What other things does the DOE use as crutches? "Well, maybe if you give the radiation slowly it won't hurt as much as if you give it all at once." Now if you have one track through a cell producing cancer, what is the meaning of 'slowly?' You have the track or you don't. It comes in on Tuesday or it comes in on Saturday. To talk about slow delivery of one track through the nucleus is ludicrous. But they do it anyway.

There is a more radical fringe that says, "A little radiation is good for you. And all this stuff about radiation causing harm is bad for society because it's going to prevent the program we think should be instituted, and that program is to give everybody in the country radiation every day as a new vitamin." This program is called hormesis. "A little radiation will give your immune system a kick and help you resist cancer and infectious disease." The chief exponent is a man named Thomas Luckey, formerly of the University of Missouri. He bemoans the fact that we can't get this program into high gear.
The idea is manifestly absurd. But that didn't prevent the DOE from helping to sponsor a conference in 1985 in Oakland on the beneficial effects of radiation, hormesis. And the nuclear enterprise is really at it all the time. They had another such conference in 1987, and another in 1992.
You won't have to bury [nuclear waste] in these fancy vaults. You won't have to worry about transport. You can even dispose of it in ordinary landfills. That will be the result. That's what the future will be. If low doses don't matter, the workers can get more and their families can get more by being in the vicinity. That's what we face.
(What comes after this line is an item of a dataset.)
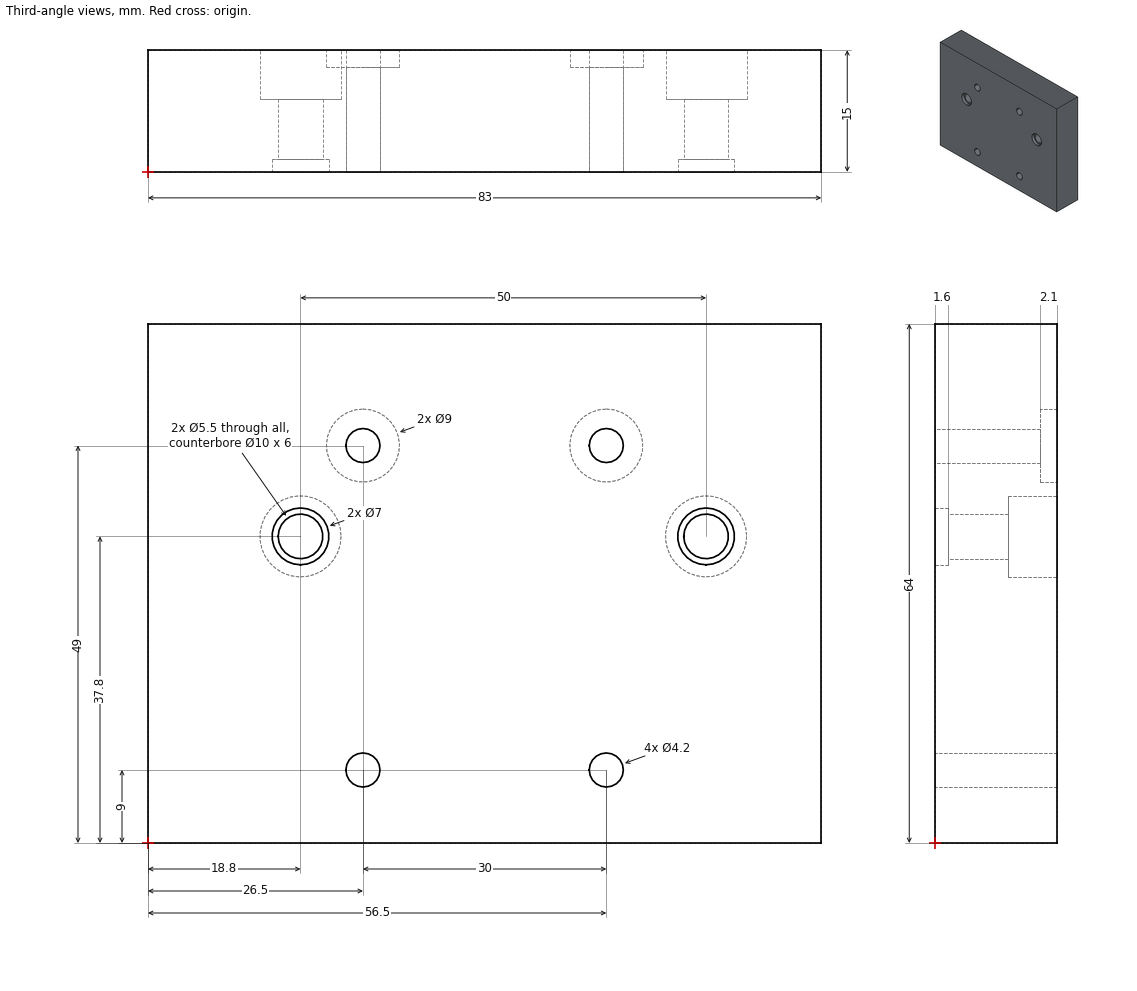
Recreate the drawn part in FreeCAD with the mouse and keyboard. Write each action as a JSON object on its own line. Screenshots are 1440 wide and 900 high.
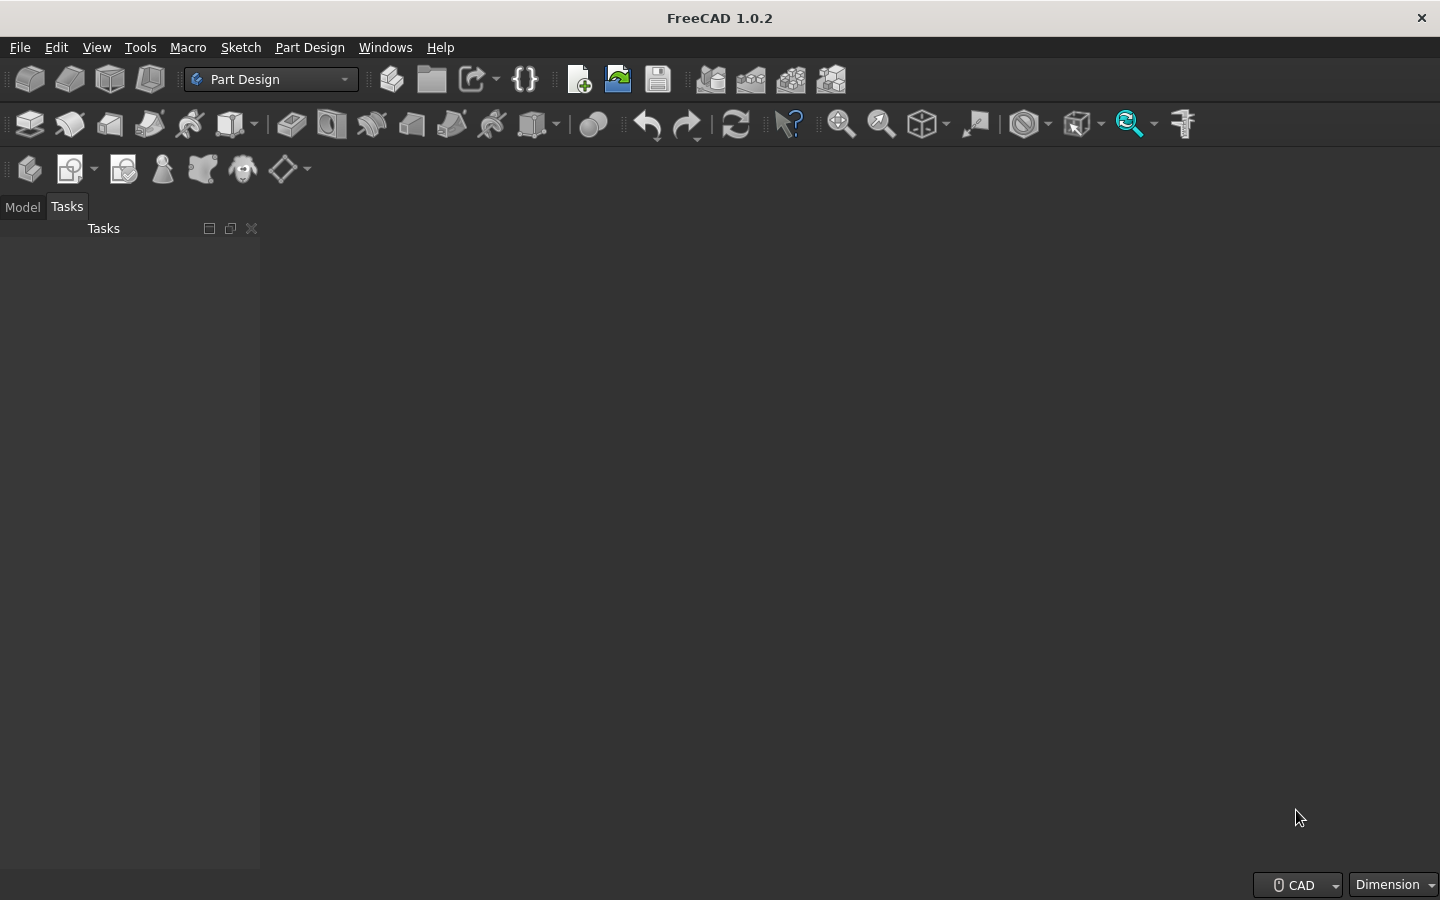
{"action": "left_click", "coordinate": [578, 80]}

By the way, medical radiation, from x-ray machines, is roughly twice as harmful per unit dose as Hiroshima-Nagasaki radiation.
It's the effect of linear energy transfer.
When gamma rays or x-rays set electrons in motion, the electrons are traveling at a lower speed than the electrons coming out of Cesium-137. And as a result, when they're traveling at a lower speed, they interact much more with each micrometer of path they travel. Therefore the local harm is much greater. So medical x-rays set in motion electrons that are traveling at a lower speed and hence producing about twice the linear energy transfer, and hence twice the biological effect. That's why alpha particles from radium or plutonium are so much more devastating than beta rays set in motion from x-rays. The alpha particles, with their heavy mass and plus-2 charge, just rip through tissue so strenuously that they don't go very far.
A deception of the crassest sort are the lectures by pro-nuclear people showing a plutonium or radium source and putting up a piece of paper and showing that the alpha-particle radiation on the other side is zero. "You see, a piece of paper will stop those alpha particles, folks, there's no problem with plutonium." Except when that alpha particle is lodged next to an endosteal cell in the bone and producing a horrendous amount of interaction. Or that alpha particle is lodging on the surface of the bronchi — that's why we've got an epidemic of lung cancer among the uranium miners! The fact that they don't travel far is because they interact like hell!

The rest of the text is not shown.